- [What needs to be done]: Type out all the records word for word. Any pictures are to be left out.

- [Data for review]:

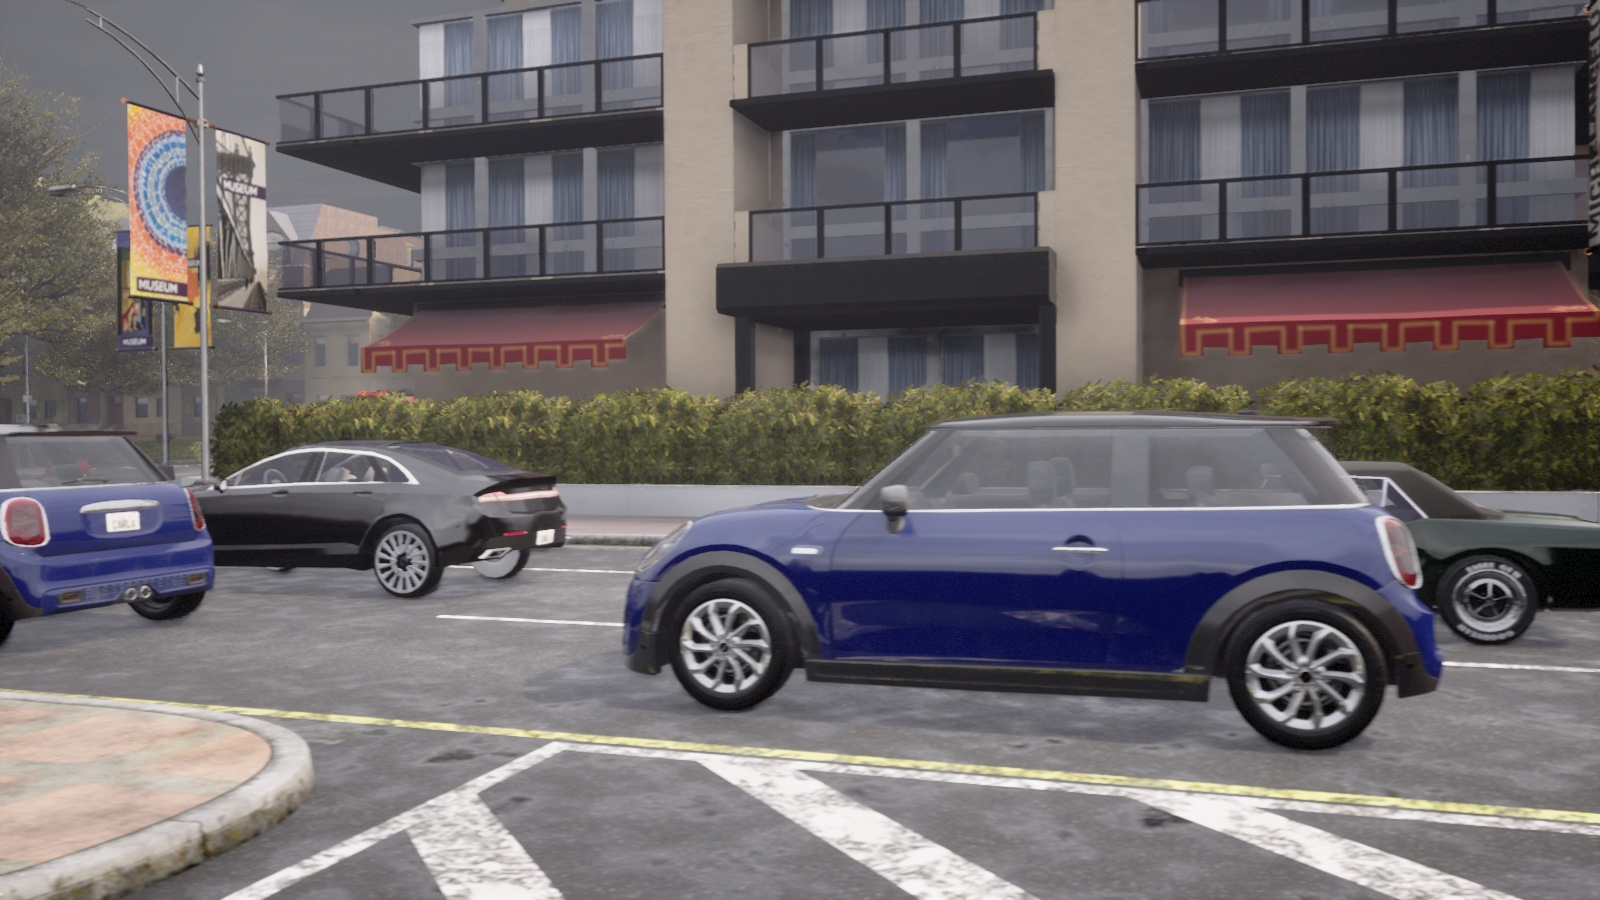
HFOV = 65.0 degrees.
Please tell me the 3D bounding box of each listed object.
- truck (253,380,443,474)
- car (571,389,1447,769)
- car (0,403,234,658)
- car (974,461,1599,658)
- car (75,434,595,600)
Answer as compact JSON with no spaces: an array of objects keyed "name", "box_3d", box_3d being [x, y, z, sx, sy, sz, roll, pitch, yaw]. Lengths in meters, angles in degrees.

- [Written solution]:
HFOV = 65.0 degrees.
Please tell me the 3D bounding box of each listed object.
- truck (253,380,443,474)
- car (571,389,1447,769)
- car (0,403,234,658)
- car (974,461,1599,658)
- car (75,434,595,600)
Answer as compact JSON with no spaces: an array of objects keyed "name", "box_3d", box_3d being [x, y, z, sx, sy, sz, roll, pitch, yaw]. Lengths in meters, angles in degrees.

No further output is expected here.